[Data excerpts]
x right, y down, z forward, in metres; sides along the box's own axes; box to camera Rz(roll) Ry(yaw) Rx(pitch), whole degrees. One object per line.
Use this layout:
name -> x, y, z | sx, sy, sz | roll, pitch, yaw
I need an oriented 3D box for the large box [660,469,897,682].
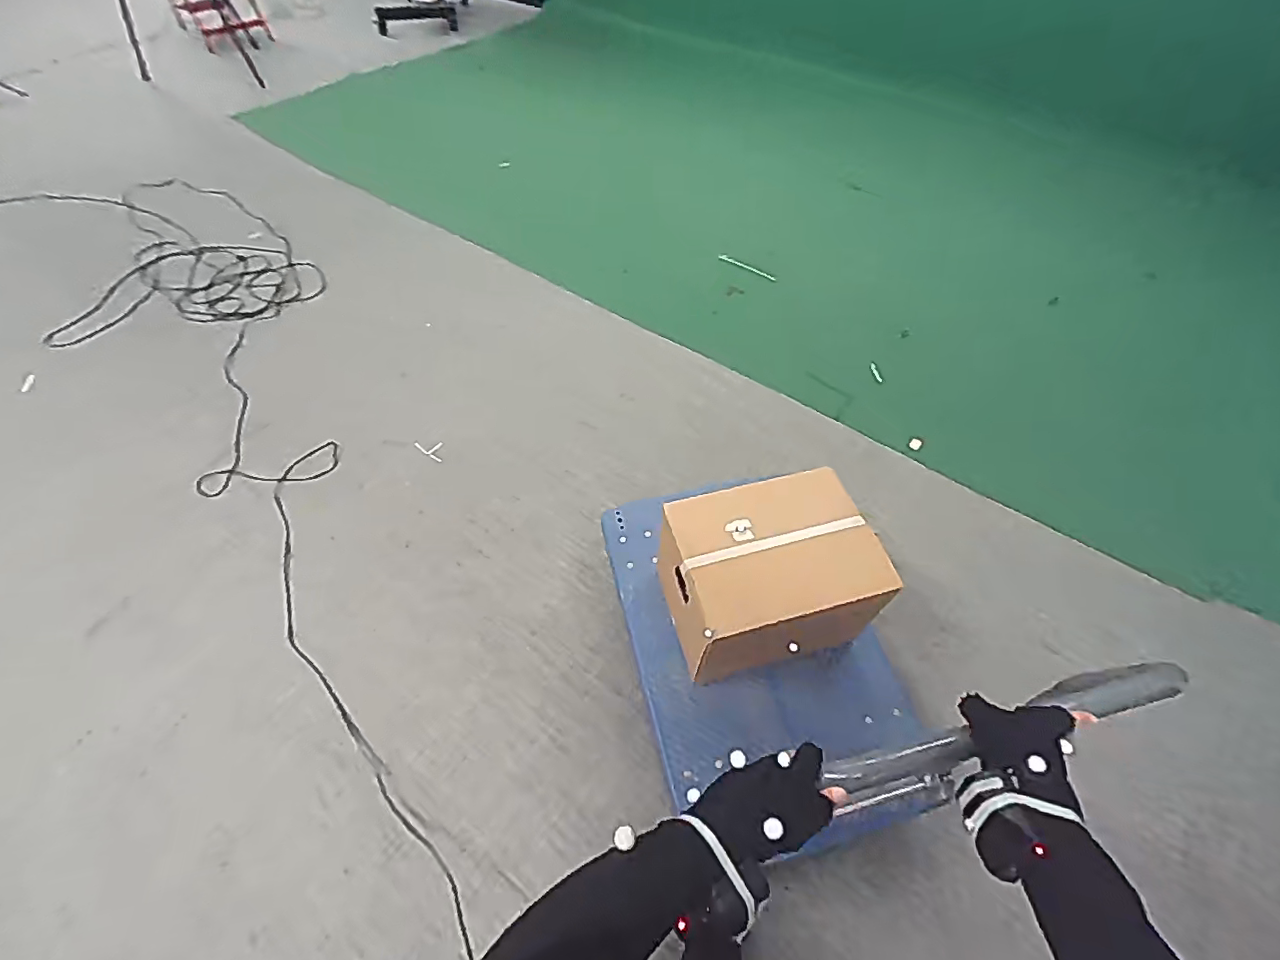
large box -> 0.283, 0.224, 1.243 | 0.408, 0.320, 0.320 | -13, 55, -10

...

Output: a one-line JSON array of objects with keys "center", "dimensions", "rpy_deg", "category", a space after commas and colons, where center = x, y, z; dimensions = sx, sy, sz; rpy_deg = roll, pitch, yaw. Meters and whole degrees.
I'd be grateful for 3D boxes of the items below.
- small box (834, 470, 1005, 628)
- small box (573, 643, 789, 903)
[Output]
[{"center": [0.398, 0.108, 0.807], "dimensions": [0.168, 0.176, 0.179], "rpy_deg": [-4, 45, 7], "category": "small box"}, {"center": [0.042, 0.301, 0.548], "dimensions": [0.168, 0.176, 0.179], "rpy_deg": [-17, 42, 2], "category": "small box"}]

EXERCISE PROMPT:
All lines of the records above that carry the word "degrees" should be listed.

EXERCISE RESPONSE:
x right, y down, z forward, in metres; sides along the box's own axes; box to camera Rz(roll) Ry(yaw) Rx(pitch), whole degrees. One object per line.
Output: a one-line JSON array of objects with keys "center", "dimensions", "rpy_deg", "category", a space after commas and colons, where center = x, y, z; dimensions = sx, sy, sz; rpy_deg = roll, pitch, yaw. Meters and whole degrees.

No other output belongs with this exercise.